A hypothesis (: hypotheses) is a proposed explanation for a phenomenon. A scientific hypothesis must be based on observations and make a testable and reproducible prediction about reality, in a process beginning with an educated guess.
If a hypothesis is repeatedly independently demonstrated by experiment to be true, it becomes a scientific theory. In colloquial usage, the words hypothesis and theory are often used interchangeably, but this is incorrect in the context of science.

A working hypothesis is a provisionally-accepted hypothesis used for the purpose of pursuing further progress in research.
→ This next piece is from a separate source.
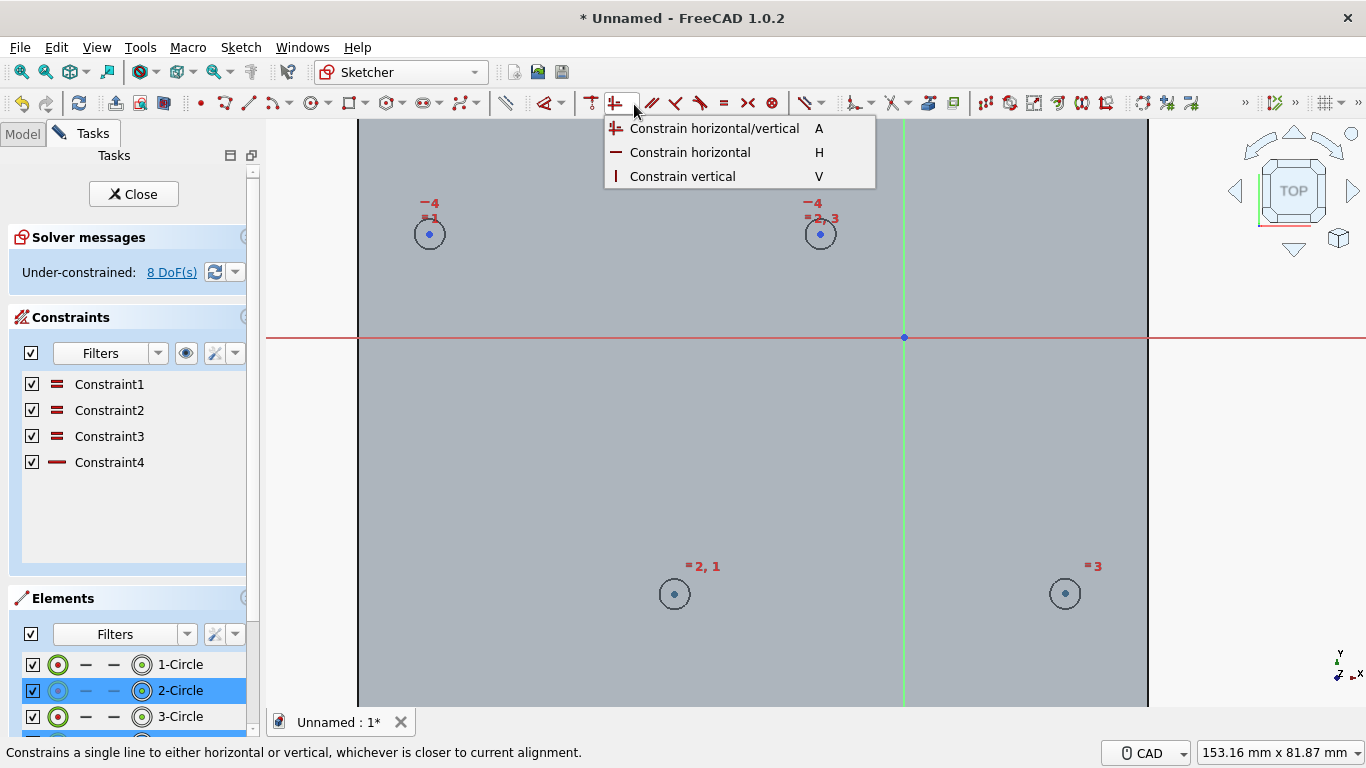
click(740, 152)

Working hypotheses are frequently discarded, and often proposed with knowledge (and warning) that they are incomplete and thus false, with the intent of moving research in at least somewhat the right direction, especially when scientists are stuck on an issue and brainstorming ideas.

In formal logic, a hypothesis is the antecedent in a proposition. For example, in the proposition "If P, then Q", statement P denotes the hypothesis (or antecedent) of the consequent Q. Hypothesis P is the assumption in a (possibly counterfactual) "what if" question. The adjective "hypothetical" (having the nature of a hypothesis or being assumed to exist as an immediate consequence of a hypothesis), can refer to any of the above meanings of the term "hypothesis".

==Uses==
In its ancient usage, hypothesis referred to a summary of the plot of a classical drama. The English word hypothesis comes from the ancient Greek word ὑπόθεσις (hypothesis), whose literal or etymological sense is "putting or placing under" and hence in extended use has many other meanings including "supposition".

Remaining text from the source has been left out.